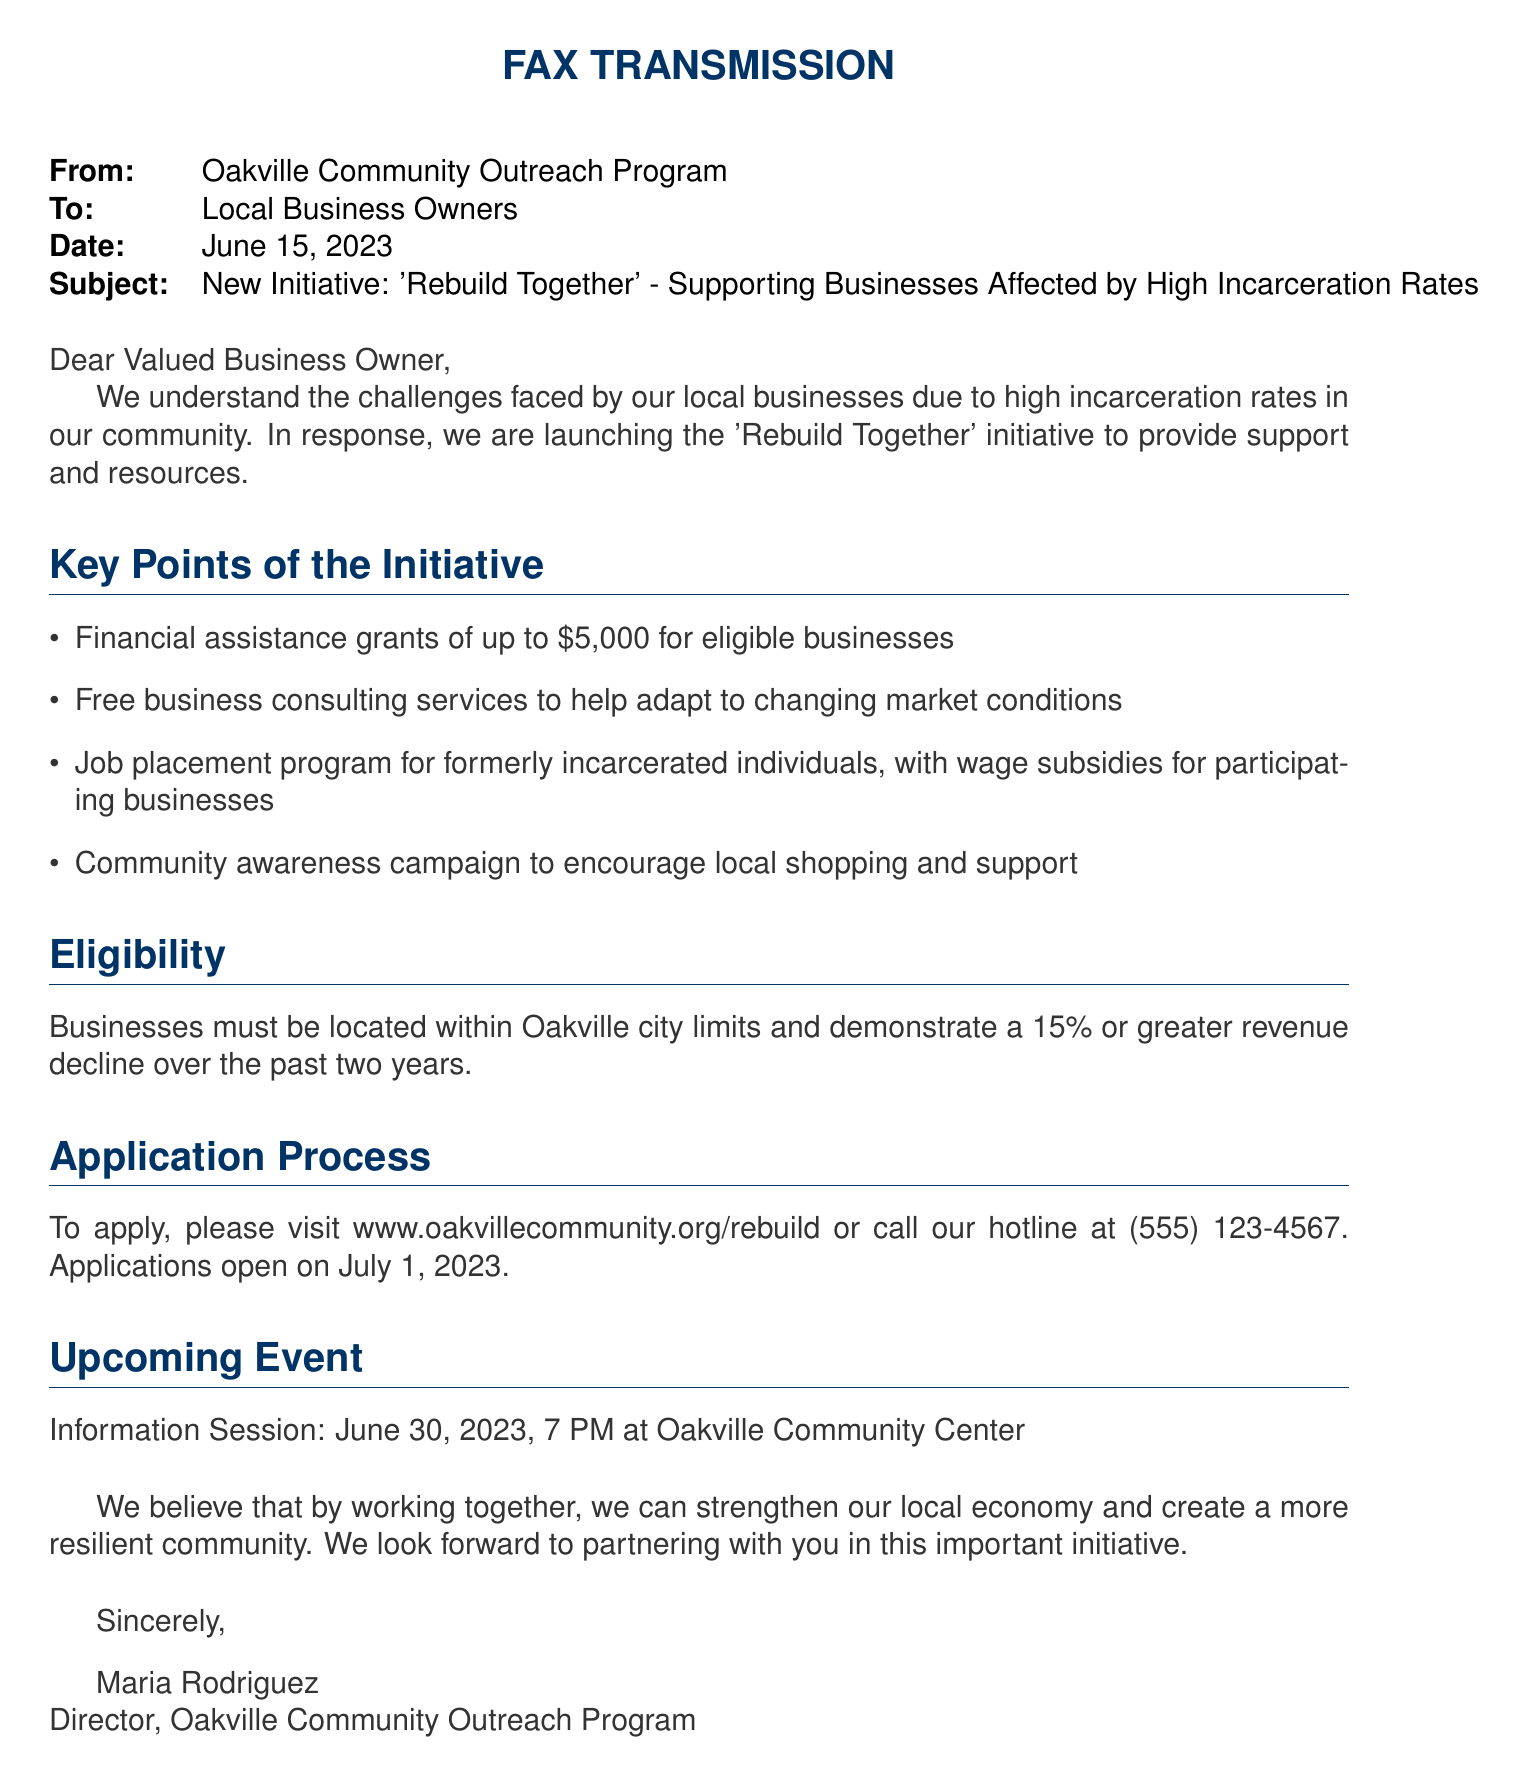What is the name of the initiative? The name of the initiative is 'Rebuild Together'.
Answer: 'Rebuild Together' What is the maximum financial assistance amount? The document states that financial assistance grants of up to $5,000 are available.
Answer: $5,000 When do applications open? The document mentions that applications will open on July 1, 2023.
Answer: July 1, 2023 What percentage decline in revenue must businesses demonstrate? Businesses must demonstrate a 15% or greater revenue decline.
Answer: 15% Where is the information session taking place? The information session is taking place at Oakville Community Center.
Answer: Oakville Community Center Who is the director of the Oakville Community Outreach Program? The director's name is Maria Rodriguez.
Answer: Maria Rodriguez What type of services are being offered to businesses? Free business consulting services are being offered.
Answer: Free business consulting services What is the date of the information session? The information session is scheduled for June 30, 2023.
Answer: June 30, 2023 What type of program is included to assist formerly incarcerated individuals? The document mentions a job placement program.
Answer: Job placement program 
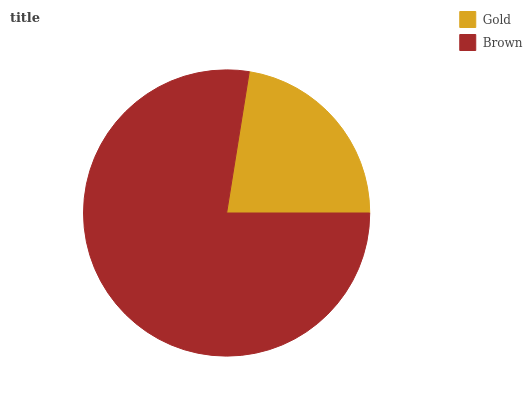Is Gold the minimum?
Answer yes or no. Yes. Is Brown the maximum?
Answer yes or no. Yes. Is Brown the minimum?
Answer yes or no. No. Is Brown greater than Gold?
Answer yes or no. Yes. Is Gold less than Brown?
Answer yes or no. Yes. Is Gold greater than Brown?
Answer yes or no. No. Is Brown less than Gold?
Answer yes or no. No. Is Brown the high median?
Answer yes or no. Yes. Is Gold the low median?
Answer yes or no. Yes. Is Gold the high median?
Answer yes or no. No. Is Brown the low median?
Answer yes or no. No. 
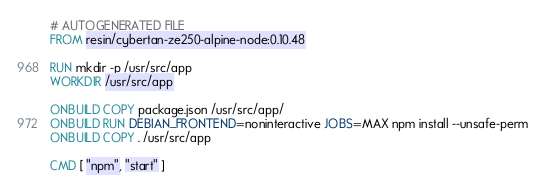<code> <loc_0><loc_0><loc_500><loc_500><_Dockerfile_># AUTOGENERATED FILE
FROM resin/cybertan-ze250-alpine-node:0.10.48

RUN mkdir -p /usr/src/app
WORKDIR /usr/src/app

ONBUILD COPY package.json /usr/src/app/
ONBUILD RUN DEBIAN_FRONTEND=noninteractive JOBS=MAX npm install --unsafe-perm
ONBUILD COPY . /usr/src/app

CMD [ "npm", "start" ]
</code>

★ ★ ★ ★

**Work instruction**: Output the listing above exactly, pictures omitted.

**Problem solution**:
What is the name of the initiative? The name of the initiative is 'Rebuild Together'.
Answer: 'Rebuild Together' What is the maximum financial assistance amount? The document states that financial assistance grants of up to $5,000 are available.
Answer: $5,000 When do applications open? The document mentions that applications will open on July 1, 2023.
Answer: July 1, 2023 What percentage decline in revenue must businesses demonstrate? Businesses must demonstrate a 15% or greater revenue decline.
Answer: 15% Where is the information session taking place? The information session is taking place at Oakville Community Center.
Answer: Oakville Community Center Who is the director of the Oakville Community Outreach Program? The director's name is Maria Rodriguez.
Answer: Maria Rodriguez What type of services are being offered to businesses? Free business consulting services are being offered.
Answer: Free business consulting services What is the date of the information session? The information session is scheduled for June 30, 2023.
Answer: June 30, 2023 What type of program is included to assist formerly incarcerated individuals? The document mentions a job placement program.
Answer: Job placement program 
Is Gold the minimum?
Answer yes or no. Yes. Is Brown the maximum?
Answer yes or no. Yes. Is Brown the minimum?
Answer yes or no. No. Is Brown greater than Gold?
Answer yes or no. Yes. Is Gold less than Brown?
Answer yes or no. Yes. Is Gold greater than Brown?
Answer yes or no. No. Is Brown less than Gold?
Answer yes or no. No. Is Brown the high median?
Answer yes or no. Yes. Is Gold the low median?
Answer yes or no. Yes. Is Gold the high median?
Answer yes or no. No. Is Brown the low median?
Answer yes or no. No. 
<code> <loc_0><loc_0><loc_500><loc_500><_Dockerfile_># AUTOGENERATED FILE
FROM resin/cybertan-ze250-alpine-node:0.10.48

RUN mkdir -p /usr/src/app
WORKDIR /usr/src/app

ONBUILD COPY package.json /usr/src/app/
ONBUILD RUN DEBIAN_FRONTEND=noninteractive JOBS=MAX npm install --unsafe-perm
ONBUILD COPY . /usr/src/app

CMD [ "npm", "start" ]
</code>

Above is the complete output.